Teaching Data Literacy SkillsStudents Who Learn to Collect, Analyze, and Visualize Data Will Be Better Prepared for College and Work Demands
Data is everywhere. Collected, stored, open for the taking. Yet most of our society, workforce and students aren’t equipped with the best analytical tool kit to take in and process all this information. How do we keep from drowning in a data lake? And how do we go about teaching data literacy skills to our students to prepare them for the future?
Teaching Data Literacy
We’ve found that data analysis should be taught as a cross-curricular concept, stretching beyond Math coursework and extending into Geography, Social Studies, and Science.

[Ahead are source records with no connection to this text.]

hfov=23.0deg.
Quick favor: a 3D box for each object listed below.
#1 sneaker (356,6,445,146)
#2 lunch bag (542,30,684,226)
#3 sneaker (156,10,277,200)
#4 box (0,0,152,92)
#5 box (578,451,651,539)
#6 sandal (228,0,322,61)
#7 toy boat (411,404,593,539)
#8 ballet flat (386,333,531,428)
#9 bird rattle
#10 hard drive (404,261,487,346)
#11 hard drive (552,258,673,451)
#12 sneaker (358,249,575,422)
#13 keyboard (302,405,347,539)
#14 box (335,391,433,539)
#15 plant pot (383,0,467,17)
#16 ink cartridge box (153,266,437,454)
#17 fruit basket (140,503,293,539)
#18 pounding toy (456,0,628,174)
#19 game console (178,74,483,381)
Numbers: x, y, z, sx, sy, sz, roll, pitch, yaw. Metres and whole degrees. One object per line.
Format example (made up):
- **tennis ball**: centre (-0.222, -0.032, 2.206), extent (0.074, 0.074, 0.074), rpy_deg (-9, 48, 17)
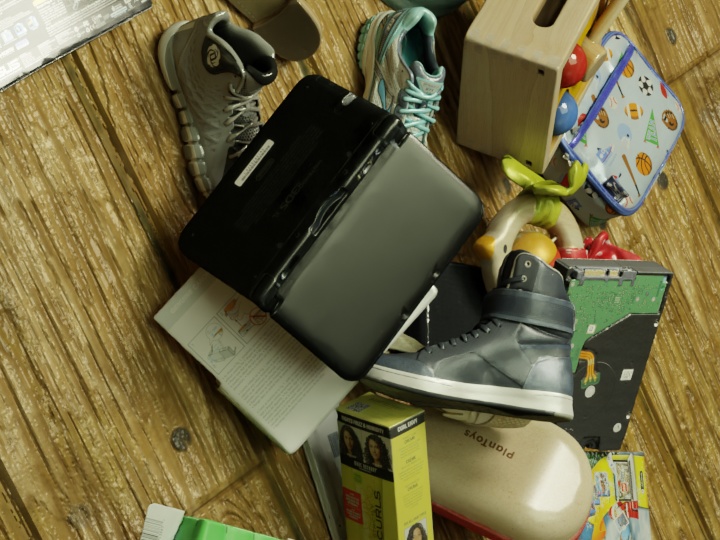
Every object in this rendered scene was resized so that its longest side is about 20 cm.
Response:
- **sneaker**: centre (0.041, -0.166, 1.737), extent (0.077, 0.086, 0.202), rpy_deg (7, 75, -38)
- **lunch bag**: centre (0.264, -0.156, 1.939), extent (0.160, 0.075, 0.201), rpy_deg (49, 52, -19)
- **sneaker**: centre (-0.107, -0.137, 1.582), extent (0.075, 0.115, 0.202), rpy_deg (-29, 99, -41)
- **box**: centre (-0.289, -0.252, 1.497), extent (0.200, 0.049, 0.162), rpy_deg (-39, 107, -40)
- **box**: centre (0.245, 0.289, 1.839), extent (0.136, 0.038, 0.202), rpy_deg (6, 76, -40)
- **sandal**: centre (-0.107, -0.295, 1.669), extent (0.212, 0.077, 0.070), rpy_deg (53, 20, -27)
- **toy boat**: centre (0.123, 0.207, 1.702), extent (0.199, 0.131, 0.131), rpy_deg (25, 55, 14)
- **ballet flat**: centre (0.071, 0.109, 1.647), extent (0.062, 0.198, 0.068), rpy_deg (-39, 142, -54)
- **bird rattle**: centre (0.183, -0.017, 1.788), extent (0.163, 0.112, 0.201), rpy_deg (-41, 126, -27)
- **hard drive**: centre (0.121, 0.061, 1.782), extent (0.199, 0.042, 0.136), rpy_deg (14, 71, -38)
- **hard drive**: centre (0.228, 0.086, 1.781), extent (0.139, 0.038, 0.202), rpy_deg (0, 113, -35)
- **sneaker**: centre (0.097, 0.051, 1.579), extent (0.200, 0.077, 0.148), rpy_deg (8, 81, -14)
- **keyboard**: centre (-0.029, 0.165, 1.651), extent (0.056, 0.011, 0.202), rpy_deg (-20, 93, -47)
- **box**: centre (0.024, 0.216, 1.599), extent (0.050, 0.075, 0.202), rpy_deg (-23, 117, -40)
- **plant pot**: centre (0.093, -0.372, 1.800), extent (0.199, 0.134, 0.203), rpy_deg (11, 73, -39)
- **ink cartridge box**: centre (-0.059, 0.032, 1.579), extent (0.174, 0.044, 0.200), rpy_deg (44, 82, -6)
- **fruit basket**: centre (-0.131, 0.311, 1.491), extent (0.184, 0.093, 0.202), rpy_deg (20, 83, -36)
- **pounding toy**: centre (0.203, -0.234, 1.800), extent (0.141, 0.185, 0.201), rpy_deg (21, 56, 15)
- **game console**: centre (-0.026, -0.039, 1.542), extent (0.201, 0.175, 0.116), rpy_deg (-53, 144, -9)

Students need to understand, use, and communicate data effectively. Regardless of the subject matter, focus should be on consistently incorporating numerical or quantitative evidence in order to provide analytical opportunities for students. Much like a graph, there’s an increasing progression of understanding and sophistication of analysis with age and mathematical experience. Younger students start with simple bar graphs (a favorite activity of elementary aged children is graphing the variety of colors of M&Ms or Skittles found in a bag) while a higher level student would utilize tools such as Excel or Google Sheets to customize a unique graph from a data table.
As the content of data develops, inspire students to think beyond basic pie and bar graphs with colorful and interesting examples of displaying data such as the infographics seen here: https://datavizproject.com/
Young students must first learn to read a simple graph for correct and relevant information. Next, they can begin to create a graph based off of data provided. Once they understand how different data sets require varying design (a pie graph vs. a scatter plot, for example), they can further develop their data communication skills- how to take a set of numbers and design an infographic or visual representation to explain the data to others.
As the student enters college, they should feel capable of designing an experiment which identifies the data that should be collected, organize and provide a summarized, visual display of data, and finally make recommendations, solve problems, and form strategies based off this information. Only then will they feel confident to perform similar tasks in the workplace. Perhaps a student with a budding interest in data analysis can join the exploding profession of Business Intelligence and Data Science, highly skilled analysts who use computer algorithms and data lakes to extract important business information, report on consumer trends, and forecast strategies for all types of corporations and government organizations.
Project Data You Can Use
Inspire the next generation of Data Scientists by incorporating more graphing and analysis in your classroom. Scientific data is available to teachers and students on a myriad of platforms. Customize your lesson plans to incorporate the analyzation of significant and relevant numbers.
For example, a Science chapter on habitats and ecosystems can be made more engaging through the use of a free government open access data resource. Encourage a student to research their favorite animals’ environmental distribution using this site: USGS Biodiversity Information Serving Our Nation (BISON), and discuss and record the instantly generated data displayed through an interactive map. There’s also a growing trend in the Citizen Scientist platform such as CitSci.org or the app iNaturalist.org. Even simple field journals to record what types of plants and animals that live around the school and surrounding neighborhoods can be a teaching tool to collect and analyze data. By collaborating, researching, data collecting, and studying the results, students can gain a much deeper understanding and appreciation of the natural world and the impact people make on the Earth.
Another resource educators can access is SocialExplorer.com to visually supplement lessons in history, economics, public policy and geography.
High school teachers can engage their students in data collection and analysis through what these kids are already curious about. Tracking sports statistics, learning social media analytic tools, or charting sales and earnings of popular brands could be some starting off ideas for individual projects. Also, in the era of “Fake News” the ability to study published data to evaluate potential bias or inaccuracies is a terrific conversation starter regarding data manipulation in journalism and the media. Another method of incorporating data sets in everyday classroom discussion is as simple as a graph of which test questions were the most missed or grade distributions of a recent exam. The more students are exposed to data everyday, the greater their understanding of how numbers are communicated and displayed.
Big Data Needs Big Thinkers
Businesses and employers are demanding report generation and data understanding across all departments. It’s becoming easier for non-technical workers to create graphs and charts supporting business data, forecasting, and strategies. The new workforce will need to understand where the numbers are collected, what to learn from the dataset, and how to make decisions based off this research. By increasing data literacy, a student’s mathematical knowledge base is integrated across many subjects, and their confidence to approach problem solving grows. Their knowledge of data interpretation in a variety of college level subjects or professional projects is thereby strengthened too.
Data literacy is a crucial skill set for students learning in the “Big Data” age. Check out EVERFI’s Endeavor – STEM Career Exploration which offers a lesson on big data and the internet of things to introduce students to this type of thinking.
Incorporating data literacy strategies in the classroom from an early level will better prepare these future college students and business employees faced with an unending wave of information. Employers are demanding their workforce have the capacity to make sound business decisions based off of collected data. Let’s prepare our students for these data-driven challenges.